- **What the exercise asks**: Write each entry out once more, please, precisely as shown.

Start of Materials provided

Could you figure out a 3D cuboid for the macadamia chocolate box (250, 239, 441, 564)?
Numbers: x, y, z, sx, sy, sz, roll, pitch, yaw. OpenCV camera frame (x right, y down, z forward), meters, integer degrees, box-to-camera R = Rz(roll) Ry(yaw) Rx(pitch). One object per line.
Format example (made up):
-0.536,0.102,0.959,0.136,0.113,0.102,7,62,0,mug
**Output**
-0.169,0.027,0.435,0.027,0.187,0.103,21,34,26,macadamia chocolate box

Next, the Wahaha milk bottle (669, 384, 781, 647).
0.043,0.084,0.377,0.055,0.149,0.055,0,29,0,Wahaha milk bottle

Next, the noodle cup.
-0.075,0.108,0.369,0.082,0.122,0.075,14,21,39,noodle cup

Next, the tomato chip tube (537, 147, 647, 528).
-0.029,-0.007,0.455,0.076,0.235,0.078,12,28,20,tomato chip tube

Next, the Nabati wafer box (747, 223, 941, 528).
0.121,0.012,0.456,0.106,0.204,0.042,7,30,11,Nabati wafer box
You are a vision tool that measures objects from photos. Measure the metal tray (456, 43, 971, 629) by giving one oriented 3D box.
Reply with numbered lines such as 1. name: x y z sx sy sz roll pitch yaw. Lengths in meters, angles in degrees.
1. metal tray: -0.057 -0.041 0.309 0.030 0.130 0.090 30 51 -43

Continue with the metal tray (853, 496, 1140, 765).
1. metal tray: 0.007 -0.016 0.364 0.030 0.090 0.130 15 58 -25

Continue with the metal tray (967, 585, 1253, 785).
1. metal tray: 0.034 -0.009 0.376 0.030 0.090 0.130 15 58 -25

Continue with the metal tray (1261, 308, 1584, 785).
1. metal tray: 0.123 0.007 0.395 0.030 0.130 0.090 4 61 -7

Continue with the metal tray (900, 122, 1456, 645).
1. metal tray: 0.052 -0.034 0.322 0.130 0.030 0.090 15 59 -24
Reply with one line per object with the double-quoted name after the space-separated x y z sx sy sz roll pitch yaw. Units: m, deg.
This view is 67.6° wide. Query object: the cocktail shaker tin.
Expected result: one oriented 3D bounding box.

End of Materials provided

- **Result of the exercise**:
Could you figure out a 3D cuboid for the macadamia chocolate box (250, 239, 441, 564)?
Numbers: x, y, z, sx, sy, sz, roll, pitch, yaw. OpenCV camera frame (x right, y down, z forward), meters, integer degrees, box-to-camera R = Rz(roll) Ry(yaw) Rx(pitch). One object per line.
Format example (made up):
-0.536,0.102,0.959,0.136,0.113,0.102,7,62,0,mug
**Output**
-0.169,0.027,0.435,0.027,0.187,0.103,21,34,26,macadamia chocolate box

Next, the Wahaha milk bottle (669, 384, 781, 647).
0.043,0.084,0.377,0.055,0.149,0.055,0,29,0,Wahaha milk bottle

Next, the noodle cup.
-0.075,0.108,0.369,0.082,0.122,0.075,14,21,39,noodle cup

Next, the tomato chip tube (537, 147, 647, 528).
-0.029,-0.007,0.455,0.076,0.235,0.078,12,28,20,tomato chip tube

Next, the Nabati wafer box (747, 223, 941, 528).
0.121,0.012,0.456,0.106,0.204,0.042,7,30,11,Nabati wafer box
You are a vision tool that measures objects from photos. Measure the metal tray (456, 43, 971, 629) by giving one oriented 3D box.
Reply with numbered lines such as 1. name: x y z sx sy sz roll pitch yaw. Lengths in meters, angles in degrees.
1. metal tray: -0.057 -0.041 0.309 0.030 0.130 0.090 30 51 -43

Continue with the metal tray (853, 496, 1140, 765).
1. metal tray: 0.007 -0.016 0.364 0.030 0.090 0.130 15 58 -25

Continue with the metal tray (967, 585, 1253, 785).
1. metal tray: 0.034 -0.009 0.376 0.030 0.090 0.130 15 58 -25

Continue with the metal tray (1261, 308, 1584, 785).
1. metal tray: 0.123 0.007 0.395 0.030 0.130 0.090 4 61 -7

Continue with the metal tray (900, 122, 1456, 645).
1. metal tray: 0.052 -0.034 0.322 0.130 0.030 0.090 15 59 -24
Reply with one line per object with the double-quoted name after the space-separated x y z sx sy sz roll pitch yaw. Units: m, deg.
This view is 67.6° wide. Query object: the cocktail shaker tin.
Expected result: one oriented 3D bounding box.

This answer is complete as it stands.